Fixing What's Broken: A CI Pipeline Recovery Story

Sometimes the most critical bugs are the ones that fail silently. On March 16th, we merged a fix that addressed a fundamental issue in our content pipeline: two GitHub Actions workflows that had never successfully run.

The Problem

Our strug-blog-sync.yml and notify-progress-stream.yml workflows were referencing a Gemini action that didn't exist. Every trigger resulted in a silent failure. The impact? Twelve stream entries never made it to our content pipeline. Blog sync operations failed without alerting anyone. Our progress stream—designed to show real-time development activity—was showing a fiction.

The Fix

We replaced the phantom Gemini action with Strug Works dispatch—our autonomous agent orchestration system. This isn't just a find-and-replace fix. By routing through Strug Works, these workflows now benefit from the same intelligent task routing, retry logic, and observability that powers our entire platform.

We also corrected a configuration error in CLAUDE.md where the wrong Sanity project ID had been documented (ktfgvv39 instead of the correct prb5dynx).

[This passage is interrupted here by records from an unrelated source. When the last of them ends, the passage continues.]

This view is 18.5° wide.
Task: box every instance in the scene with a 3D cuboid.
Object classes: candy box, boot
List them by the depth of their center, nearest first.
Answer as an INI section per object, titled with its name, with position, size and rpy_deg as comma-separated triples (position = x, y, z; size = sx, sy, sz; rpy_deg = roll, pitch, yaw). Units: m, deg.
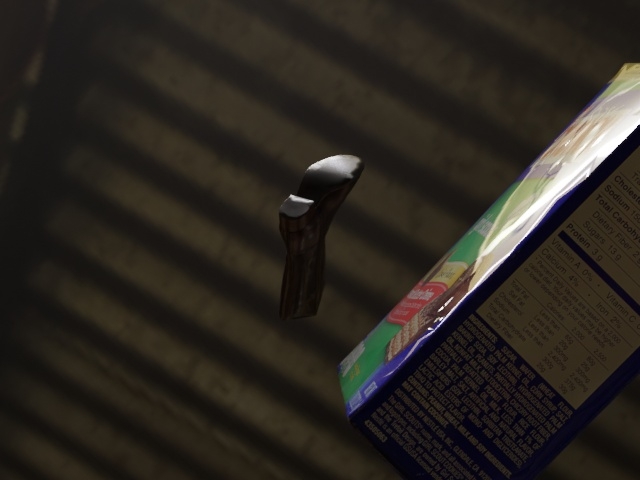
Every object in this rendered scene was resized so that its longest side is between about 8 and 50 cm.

Documentation drift like this compounds over time—better to catch it early.

To recover the lost data, we built a backfill script that reconstructed the twelve missing stream entries. These entries now accurately reflect the work that was done but never surfaced in our progress stream.

What We Learned

Silent failures are the worst kind. Workflows that fail loudly get fixed quickly. Workflows that fail silently erode trust over time. We're now implementing health checks for all critical automation paths—not just success/failure states, but expected frequency and data integrity checks.

What's Next

This fix unblocks our entire content pipeline. With reliable CI workflows, Strug Stream will accurately reflect real-time development activity. Blog posts will sync automatically. Stream entries will flow without gaps.

We're also building better observability into our automation layer. Every workflow dispatch will now emit structured events that feed into Strug Stream, creating a self-documenting audit trail. When something breaks, we'll know immediately—not twelve entries later.

Infrastructure work like this doesn't ship flashy features. But it's the foundation that makes everything else possible. Reliable automation is how small teams ship like large ones. And catching these silent failures early is how you maintain velocity as complexity grows.